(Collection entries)
────

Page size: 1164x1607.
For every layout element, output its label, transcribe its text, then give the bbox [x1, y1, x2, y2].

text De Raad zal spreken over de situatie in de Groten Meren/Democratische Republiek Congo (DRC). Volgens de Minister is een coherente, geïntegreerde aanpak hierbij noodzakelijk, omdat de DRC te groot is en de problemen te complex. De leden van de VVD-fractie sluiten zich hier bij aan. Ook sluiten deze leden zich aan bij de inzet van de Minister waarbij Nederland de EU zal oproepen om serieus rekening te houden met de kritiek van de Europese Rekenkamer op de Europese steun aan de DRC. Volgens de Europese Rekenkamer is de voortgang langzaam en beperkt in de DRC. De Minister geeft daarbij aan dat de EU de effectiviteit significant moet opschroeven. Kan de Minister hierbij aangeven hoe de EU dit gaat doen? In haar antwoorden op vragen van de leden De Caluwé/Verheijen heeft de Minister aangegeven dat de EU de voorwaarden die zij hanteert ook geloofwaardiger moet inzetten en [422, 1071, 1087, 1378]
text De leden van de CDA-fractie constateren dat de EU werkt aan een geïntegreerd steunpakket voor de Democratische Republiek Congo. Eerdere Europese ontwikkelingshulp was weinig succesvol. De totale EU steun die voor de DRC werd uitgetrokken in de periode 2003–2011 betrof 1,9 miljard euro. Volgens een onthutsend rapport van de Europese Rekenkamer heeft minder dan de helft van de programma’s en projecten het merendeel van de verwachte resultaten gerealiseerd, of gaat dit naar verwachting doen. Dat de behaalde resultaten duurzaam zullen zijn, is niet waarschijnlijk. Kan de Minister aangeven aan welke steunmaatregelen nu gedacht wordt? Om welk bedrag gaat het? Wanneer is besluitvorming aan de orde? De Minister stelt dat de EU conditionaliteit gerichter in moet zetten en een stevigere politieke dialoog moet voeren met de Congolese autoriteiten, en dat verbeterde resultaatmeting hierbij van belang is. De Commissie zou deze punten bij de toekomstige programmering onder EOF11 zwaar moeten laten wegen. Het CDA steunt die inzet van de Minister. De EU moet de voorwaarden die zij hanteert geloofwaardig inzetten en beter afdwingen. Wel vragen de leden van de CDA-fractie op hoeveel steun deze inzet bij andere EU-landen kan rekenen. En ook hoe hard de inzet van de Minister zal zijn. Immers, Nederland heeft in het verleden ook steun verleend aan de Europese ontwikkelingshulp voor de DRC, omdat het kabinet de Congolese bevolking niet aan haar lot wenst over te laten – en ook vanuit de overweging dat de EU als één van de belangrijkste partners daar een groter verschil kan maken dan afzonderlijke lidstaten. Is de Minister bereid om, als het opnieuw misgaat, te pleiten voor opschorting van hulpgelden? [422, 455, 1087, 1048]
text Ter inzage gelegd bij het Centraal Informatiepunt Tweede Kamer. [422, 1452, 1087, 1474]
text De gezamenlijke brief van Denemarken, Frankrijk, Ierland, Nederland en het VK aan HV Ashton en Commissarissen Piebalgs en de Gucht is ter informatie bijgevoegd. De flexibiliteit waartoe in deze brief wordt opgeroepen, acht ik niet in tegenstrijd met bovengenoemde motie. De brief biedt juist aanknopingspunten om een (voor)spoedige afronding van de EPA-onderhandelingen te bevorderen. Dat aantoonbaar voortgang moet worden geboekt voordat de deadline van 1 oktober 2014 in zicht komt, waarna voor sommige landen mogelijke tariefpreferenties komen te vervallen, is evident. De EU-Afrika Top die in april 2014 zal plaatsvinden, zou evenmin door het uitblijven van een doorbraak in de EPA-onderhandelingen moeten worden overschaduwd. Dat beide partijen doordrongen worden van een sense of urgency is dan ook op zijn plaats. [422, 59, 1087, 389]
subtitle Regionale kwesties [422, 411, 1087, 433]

────

• Work to be completed:
Your task is to output all of the data above word for word.

• Output below:
Page size: 1164x1607.
For every layout element, output its label, transcribe its text, then give the bbox [x1, y1, x2, y2].

text De Raad zal spreken over de situatie in de Groten Meren/Democratische Republiek Congo (DRC). Volgens de Minister is een coherente, geïntegreerde aanpak hierbij noodzakelijk, omdat de DRC te groot is en de problemen te complex. De leden van de VVD-fractie sluiten zich hier bij aan. Ook sluiten deze leden zich aan bij de inzet van de Minister waarbij Nederland de EU zal oproepen om serieus rekening te houden met de kritiek van de Europese Rekenkamer op de Europese steun aan de DRC. Volgens de Europese Rekenkamer is de voortgang langzaam en beperkt in de DRC. De Minister geeft daarbij aan dat de EU de effectiviteit significant moet opschroeven. Kan de Minister hierbij aangeven hoe de EU dit gaat doen? In haar antwoorden op vragen van de leden De Caluwé/Verheijen heeft de Minister aangegeven dat de EU de voorwaarden die zij hanteert ook geloofwaardiger moet inzetten en [422, 1071, 1087, 1378]
text De leden van de CDA-fractie constateren dat de EU werkt aan een geïntegreerd steunpakket voor de Democratische Republiek Congo. Eerdere Europese ontwikkelingshulp was weinig succesvol. De totale EU steun die voor de DRC werd uitgetrokken in de periode 2003–2011 betrof 1,9 miljard euro. Volgens een onthutsend rapport van de Europese Rekenkamer heeft minder dan de helft van de programma’s en projecten het merendeel van de verwachte resultaten gerealiseerd, of gaat dit naar verwachting doen. Dat de behaalde resultaten duurzaam zullen zijn, is niet waarschijnlijk. Kan de Minister aangeven aan welke steunmaatregelen nu gedacht wordt? Om welk bedrag gaat het? Wanneer is besluitvorming aan de orde? De Minister stelt dat de EU conditionaliteit gerichter in moet zetten en een stevigere politieke dialoog moet voeren met de Congolese autoriteiten, en dat verbeterde resultaatmeting hierbij van belang is. De Commissie zou deze punten bij de toekomstige programmering onder EOF11 zwaar moeten laten wegen. Het CDA steunt die inzet van de Minister. De EU moet de voorwaarden die zij hanteert geloofwaardig inzetten en beter afdwingen. Wel vragen de leden van de CDA-fractie op hoeveel steun deze inzet bij andere EU-landen kan rekenen. En ook hoe hard de inzet van de Minister zal zijn. Immers, Nederland heeft in het verleden ook steun verleend aan de Europese ontwikkelingshulp voor de DRC, omdat het kabinet de Congolese bevolking niet aan haar lot wenst over te laten – en ook vanuit de overweging dat de EU als één van de belangrijkste partners daar een groter verschil kan maken dan afzonderlijke lidstaten. Is de Minister bereid om, als het opnieuw misgaat, te pleiten voor opschorting van hulpgelden? [422, 455, 1087, 1048]
text Ter inzage gelegd bij het Centraal Informatiepunt Tweede Kamer. [422, 1452, 1087, 1474]
text De gezamenlijke brief van Denemarken, Frankrijk, Ierland, Nederland en het VK aan HV Ashton en Commissarissen Piebalgs en de Gucht is ter informatie bijgevoegd. De flexibiliteit waartoe in deze brief wordt opgeroepen, acht ik niet in tegenstrijd met bovengenoemde motie. De brief biedt juist aanknopingspunten om een (voor)spoedige afronding van de EPA-onderhandelingen te bevorderen. Dat aantoonbaar voortgang moet worden geboekt voordat de deadline van 1 oktober 2014 in zicht komt, waarna voor sommige landen mogelijke tariefpreferenties komen te vervallen, is evident. De EU-Afrika Top die in april 2014 zal plaatsvinden, zou evenmin door het uitblijven van een doorbraak in de EPA-onderhandelingen moeten worden overschaduwd. Dat beide partijen doordrongen worden van een sense of urgency is dan ook op zijn plaats. [422, 59, 1087, 389]
subtitle Regionale kwesties [422, 411, 1087, 433]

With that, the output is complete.